Great Works: Flaming, 2008 by Zevs

We are accustomed to the idea of authorised art, commissioned and sanctioned by Church, state or that private individual with the deep Armani pocket.

Such art is entirely within the control of the poker-faced man with the serious purse. This is the story behind the story of the marvels of the Renaissance and after. In his oil sketches, you can see how Rubens danced to the not-so-delicate tunes of his ecclesiastical paylords, aggrandising a donor here, taking an unloved saint down a peg or two.

Street art, on the other hand, is paid for by no one, and it is not for re-sale in the marketplace. It often comes into being thanks to some nocturnal daredevil with a taste for what is often regarded as criminal behaviour. This is art made on the run. The studio is the artist’s pocket. The canvas on which he works is entirely unprimed and unready for his assault. The fact that it is at odds with the authorities means that art of this kind often feels hectic in mood, hasty in execution, urgently political in its impulses, and prepared for the fact that it may disappear again just as quickly as it has appeared because those who see it may regard it as an offence to the eye.

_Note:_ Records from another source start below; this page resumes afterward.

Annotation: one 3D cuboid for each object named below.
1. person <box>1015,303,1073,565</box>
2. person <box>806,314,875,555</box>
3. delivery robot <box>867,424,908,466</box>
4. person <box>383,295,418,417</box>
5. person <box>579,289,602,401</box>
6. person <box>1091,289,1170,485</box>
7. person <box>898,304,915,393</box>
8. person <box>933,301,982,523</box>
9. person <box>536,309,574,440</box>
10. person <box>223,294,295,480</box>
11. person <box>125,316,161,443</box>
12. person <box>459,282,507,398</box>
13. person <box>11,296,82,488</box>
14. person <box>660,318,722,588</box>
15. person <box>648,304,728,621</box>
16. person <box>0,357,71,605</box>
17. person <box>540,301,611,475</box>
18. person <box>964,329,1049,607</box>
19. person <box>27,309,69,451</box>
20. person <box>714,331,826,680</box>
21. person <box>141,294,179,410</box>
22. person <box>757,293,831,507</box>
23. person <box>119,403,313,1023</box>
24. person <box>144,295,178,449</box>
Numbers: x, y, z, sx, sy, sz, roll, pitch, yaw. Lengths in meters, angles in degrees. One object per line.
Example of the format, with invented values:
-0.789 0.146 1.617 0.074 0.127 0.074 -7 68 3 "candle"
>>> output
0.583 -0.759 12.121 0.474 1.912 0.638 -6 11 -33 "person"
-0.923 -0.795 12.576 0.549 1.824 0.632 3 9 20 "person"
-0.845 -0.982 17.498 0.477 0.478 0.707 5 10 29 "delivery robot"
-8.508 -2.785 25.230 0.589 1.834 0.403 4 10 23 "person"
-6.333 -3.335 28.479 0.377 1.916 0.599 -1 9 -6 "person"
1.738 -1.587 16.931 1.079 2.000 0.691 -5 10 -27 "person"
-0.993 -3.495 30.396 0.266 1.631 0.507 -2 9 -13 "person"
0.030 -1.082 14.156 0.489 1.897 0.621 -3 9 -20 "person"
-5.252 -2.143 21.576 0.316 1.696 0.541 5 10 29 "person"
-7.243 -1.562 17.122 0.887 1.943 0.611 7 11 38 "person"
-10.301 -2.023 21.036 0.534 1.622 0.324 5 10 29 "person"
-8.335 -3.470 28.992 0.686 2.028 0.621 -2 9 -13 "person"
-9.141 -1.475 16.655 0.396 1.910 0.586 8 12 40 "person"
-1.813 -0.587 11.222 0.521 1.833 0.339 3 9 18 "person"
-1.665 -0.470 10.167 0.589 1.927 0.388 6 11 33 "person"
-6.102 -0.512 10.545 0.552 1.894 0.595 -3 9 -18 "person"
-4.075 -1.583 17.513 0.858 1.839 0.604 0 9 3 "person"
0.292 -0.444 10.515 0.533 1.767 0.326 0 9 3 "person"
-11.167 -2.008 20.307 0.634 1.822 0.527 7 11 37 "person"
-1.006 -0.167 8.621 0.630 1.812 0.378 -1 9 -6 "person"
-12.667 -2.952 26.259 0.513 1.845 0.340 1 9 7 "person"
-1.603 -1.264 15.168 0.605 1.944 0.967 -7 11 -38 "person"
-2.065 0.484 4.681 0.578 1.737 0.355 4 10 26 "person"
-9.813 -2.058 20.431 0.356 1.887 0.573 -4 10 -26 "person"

Such art has an air of wild chancing about it. It flails out at consumerism, greed, hypocrisy, and the money-fuelled, jibbering nonsense of the art establishment. In a world at the visual mercy of corporate branding, street artists such as Ron English, for example, re-make brand images. His is an art of disruption and violation, an art which exists to do harm to the seductive global culture of corporate advertising.

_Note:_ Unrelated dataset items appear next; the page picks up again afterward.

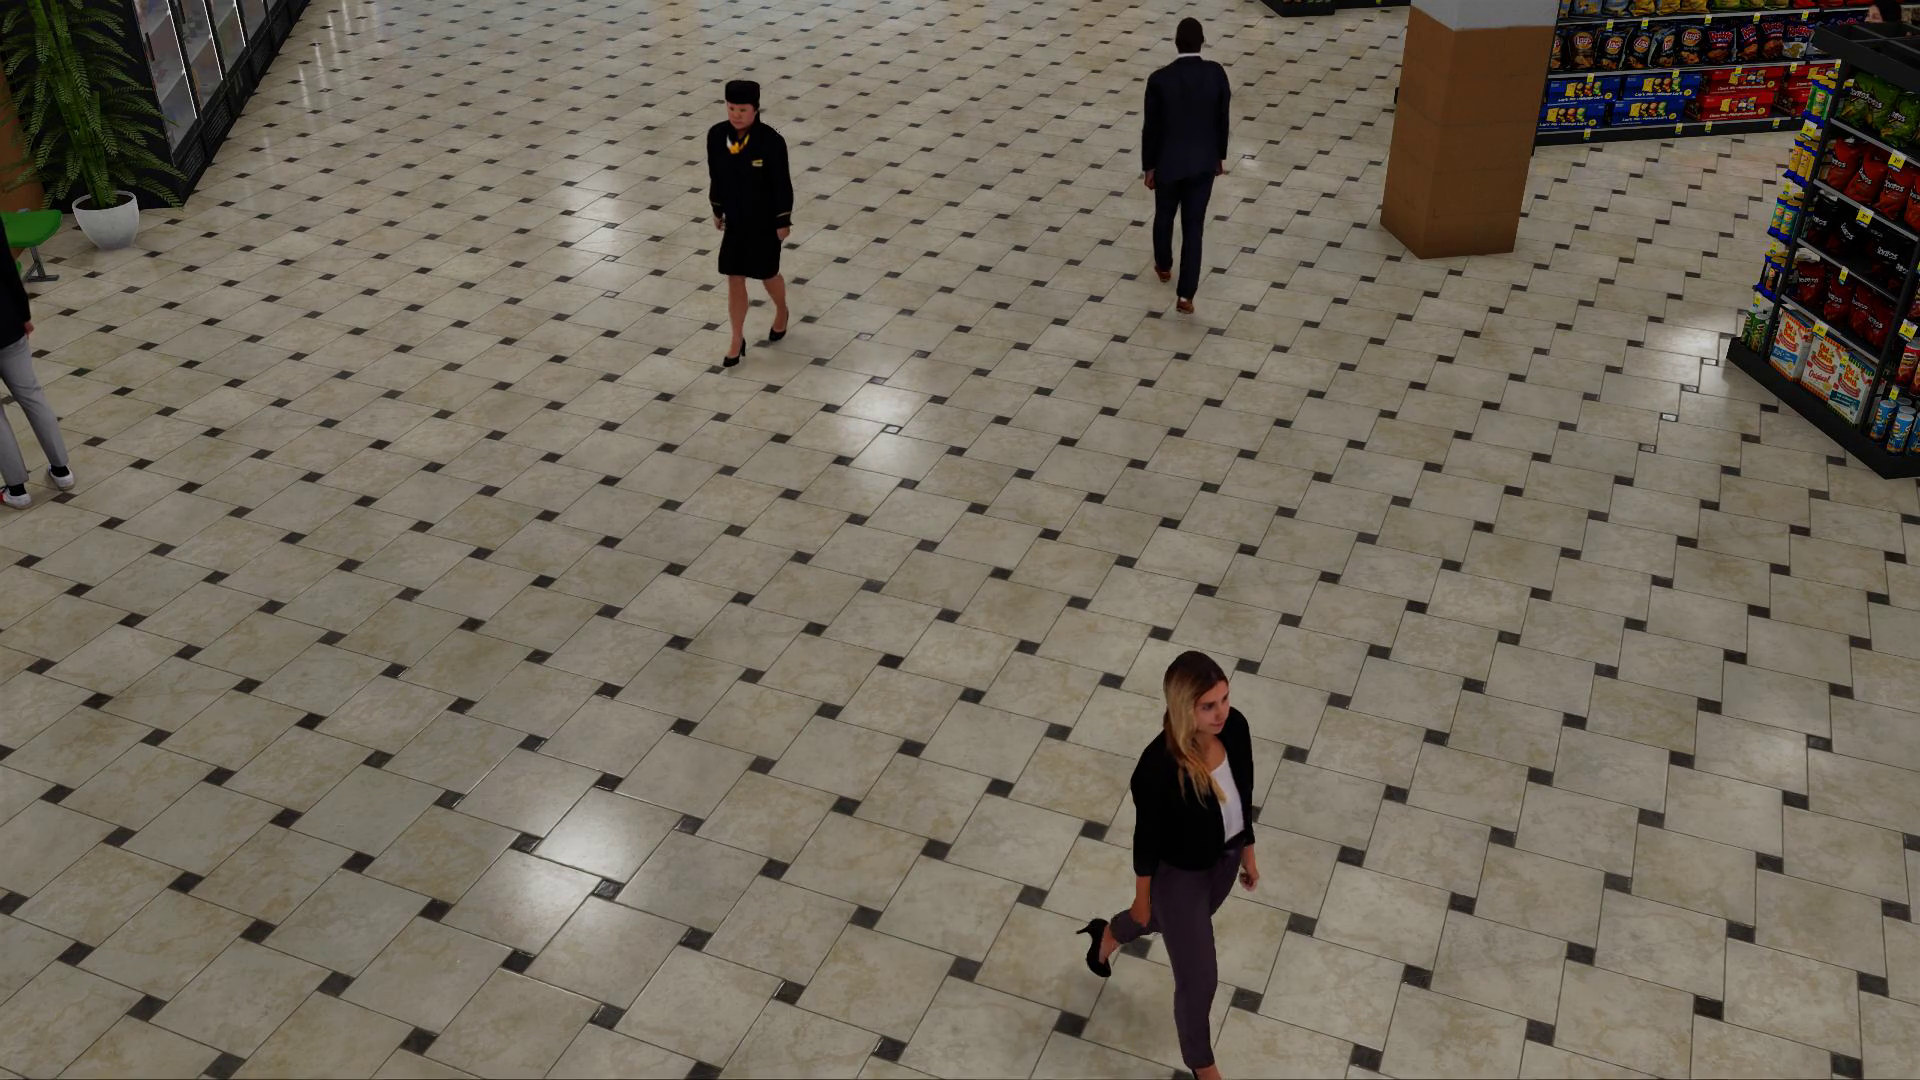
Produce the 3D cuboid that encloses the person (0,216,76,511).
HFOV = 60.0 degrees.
[{"bbox_3d":[-4.853,-1.070,8.218,0.857,1.948,0.773,25,39,34],"label":"person"}]

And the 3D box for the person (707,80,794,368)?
[{"bbox_3d":[-1.186,-1.892,9.818,0.999,1.652,1.020,11,34,17],"label":"person"}]

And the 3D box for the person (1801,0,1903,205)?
[{"bbox_3d":[6.280,-2.899,11.493,1.145,1.592,0.744,-11,34,-17],"label":"person"}]

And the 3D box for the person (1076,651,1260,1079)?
[{"bbox_3d":[0.659,1.007,5.166,1.038,1.645,1.003,-27,41,-36],"label":"person"}]

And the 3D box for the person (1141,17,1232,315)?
[{"bbox_3d":[1.402,-2.267,10.290,1.234,1.792,1.024,5,32,8],"label":"person"}]

The best of graffiti art, such as this example by Zevs, often plays with ideas of danger and prohibition. It seems to laugh at what gives offence to those who dislike it so much. Zevs has made this work with the aid of a high-pressure jet. He has cleaned this stretch of unlovely, unacknowledged urban brick wall in Copenhagen in such a way that what emerges from a century’s accretion of grime and pollution is an image of wave upon wave of destructively engulfing flames, of which you can see just a fragment on this page. (This can be one of the problems with capturing an image of street art: it is often difficult to contain on the page of a newspaper). No one was ever burnt by an image of a fire. Can you deface a building by cleaning it? Surely not. And yet violence has surely been done to its surface.

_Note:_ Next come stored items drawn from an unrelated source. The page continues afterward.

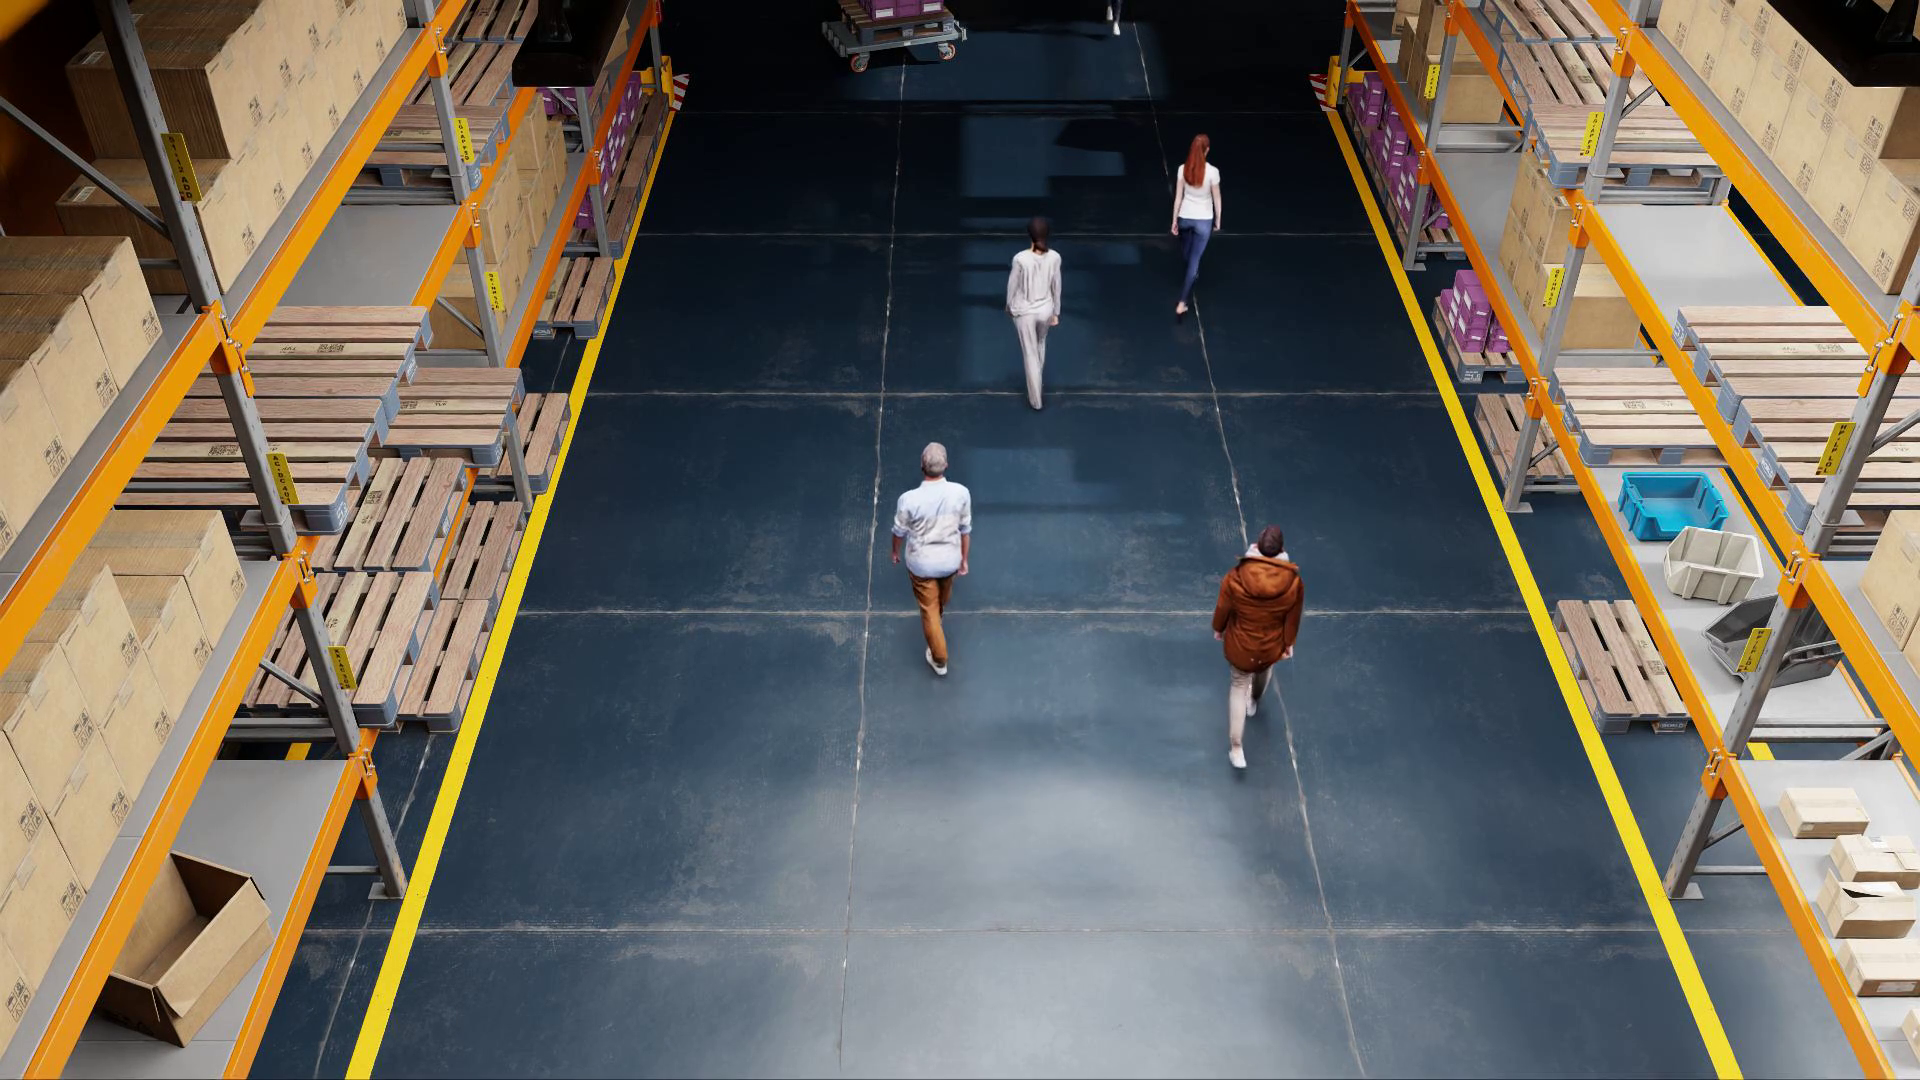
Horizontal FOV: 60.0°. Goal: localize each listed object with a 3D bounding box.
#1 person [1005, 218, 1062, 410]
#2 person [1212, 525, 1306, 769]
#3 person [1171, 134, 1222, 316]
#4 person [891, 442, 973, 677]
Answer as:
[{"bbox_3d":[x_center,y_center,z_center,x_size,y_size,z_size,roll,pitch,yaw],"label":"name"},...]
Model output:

Zevs is working with the grain of what exists, the uneven surface of a red brick wall, and what such a material seems to evoke – the wall of a factory building; terraced housing in a poor district. The modulation of tones – black, ochre, red, yellow and many points in between – is replicated in the flames themselves, which seem to emerge from the wall as if they were some spiritual embodiment of its essential nature. This ghostly lashing of flames suggests the vanished might of industry. This lovely, unexpected lash of near-patterning also feels like a heartfelt, no-holds-barred expression of the fundamental energies of art beyond the tamed space of the gallery, art which has the freedom to be and to do whatever it so wishes at a moment of its own choosing.

What is more, it could be endless, boundless, this image. It has no definable, containable dimensions. It could go on and on. It has no beginning and no end. It has taken possession, appropriated this section of wall in defiance of its original relatively humdrum purpose, which was nothing other than to be a wall, that which keeps in and that which keeps out. Now it is both a wall and a space of decorative ardour, engulfed by this greedily licking, fleeting image. We rather wish it to go on and on.

The whole thing feels like a great, anarchic roaring, a wild flinging out of the hands, Rumpelstiltskin’s crazy, enraged stamping for the sheer hell of living.

About the artist: Zevs

The French graffiti artist and “urban guerilla” Zevs has disrupted many civic spaces in Europe and elsewhere. His projects have included the “liquidating” of famous brand logos by re-painting them and allowing the paint to drip, thus creating the illusion that the logo is melting. In July, 2009, he was arrested in Hong Kong after a Chanel logo on the facade of a building was given such a makeover.